La crise du capitalisme qui a éclaté au grand jour en 2008 affecte des pans entiers de l’économie. Les vagues de licenciements se multiplient, mais certains secteurs, dont celui de la presse professionnelle spécialisée, ne sont pas directement touchés par cette crise, ni par celle plus spécifique que connaît la presse dans son ensemble (surtout la presse généraliste). Dans ce contexte, comment comprendre que l’un des mastodontes de la presse professionnelle spécialisée, Wolters Kluwer, décide de licencier presque 20% des effectifs de sa filiale française : Wolters Kluwer France (WKF) ?

WKF ?

Il est des sigles et même des noms d’entreprises qui ne sont pas familiers au commun des mortels, même relativement bien informés. Ainsi de WKF (Wolters Kluwer France). Le pharmacien qui lit son Moniteur des pharmacies, le notaire et le comptable recevant chaque jour l’un Le quotidien du notaire, l’autre Le quotidien de l’expert comptable, l’infirmière abonnée à Infirmières magazine, le travailleur social penché sur les petites annonces des Actualités sociales hebdomadaires, les nombreux juristes consultant le Lamy social ou les diverses éditions des Liaisons sociales, le garagiste découpant les articles de Carrosserie… savent-ils qu’ils contribuent, chacun de sa place, à la prospérité de l’unique propriétaire de ces publications professionnelles : WKF ou Wolters Kluwer France, premier groupe dans l’information professionnelle en France, avec 60 publications, des services en ligne, formations, etc. Pour un descriptif plus complet, même s’il date de 2004, voir ici même : « Le groupe Wolters Kluwer ».

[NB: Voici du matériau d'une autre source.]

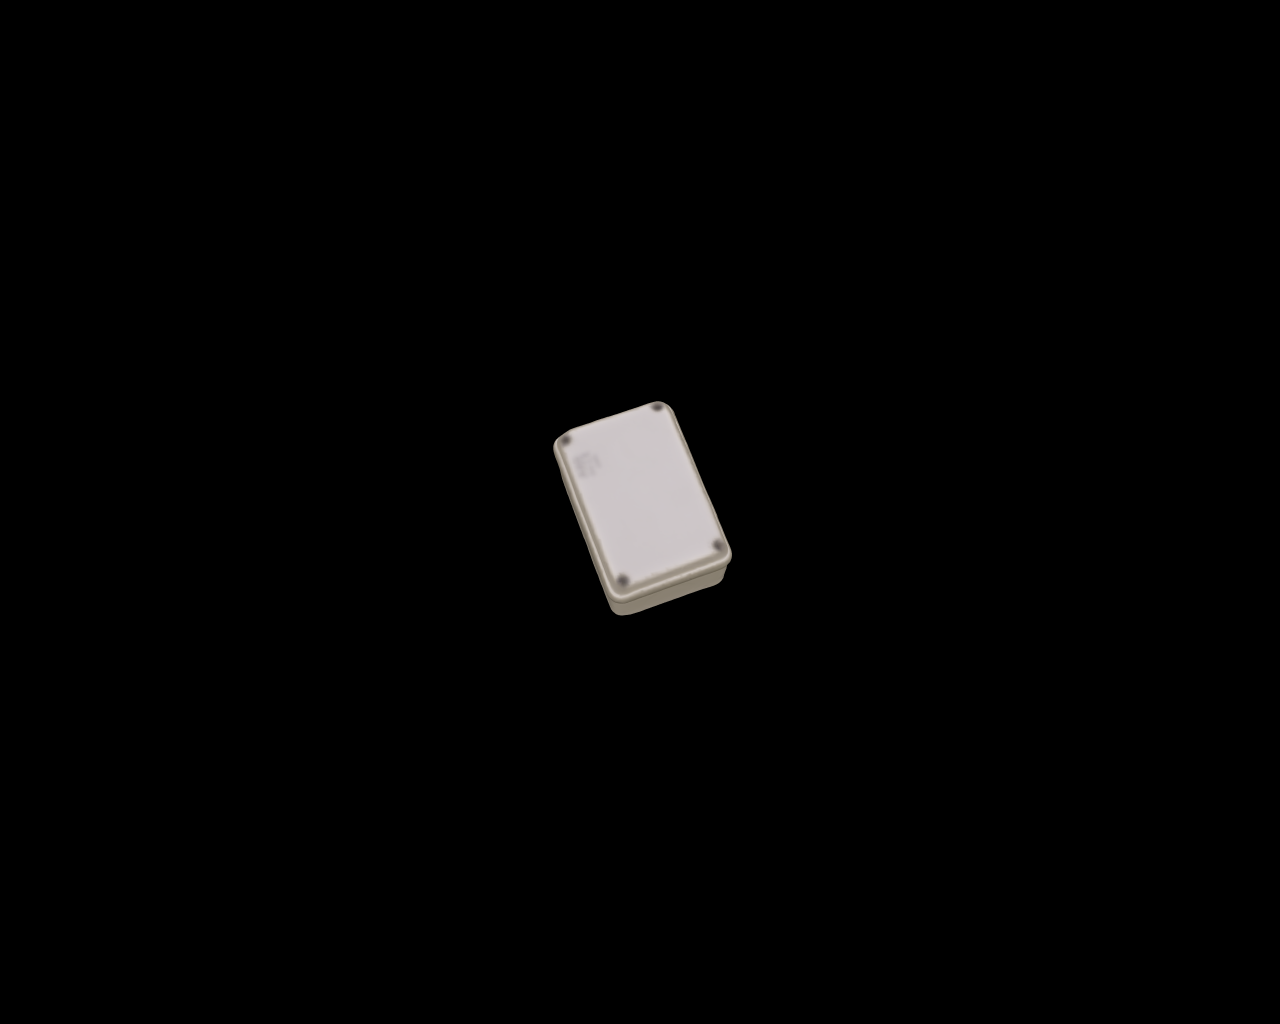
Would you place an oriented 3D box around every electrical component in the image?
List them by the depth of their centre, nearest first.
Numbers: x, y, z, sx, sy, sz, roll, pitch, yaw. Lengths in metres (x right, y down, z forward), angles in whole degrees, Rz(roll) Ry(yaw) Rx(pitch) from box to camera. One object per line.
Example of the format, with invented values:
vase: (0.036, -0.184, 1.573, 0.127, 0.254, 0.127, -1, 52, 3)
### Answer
electrical component: (0.001, -0.003, 0.650, 0.078, 0.113, 0.057, -19, -19, -7)

Savent-ils que grâce à eux et à d’autres innombrables lecteurs de revues professionnelles répartis dans 26 pays, Wolters Kluwer est parmi les premiers éditeurs du monde avec un chiffre d’affaires de 3,69 milliards d’euros (loin devant Hachette : 1,97 milliards), et que Nancy Mc Kinstry, PDG de la maison mère est au 4e rang des salaires des PDG des Pays-Bas, avec 5,5 millions d’euros de rémunération annuelle, dont 628 000 euros de bonus ?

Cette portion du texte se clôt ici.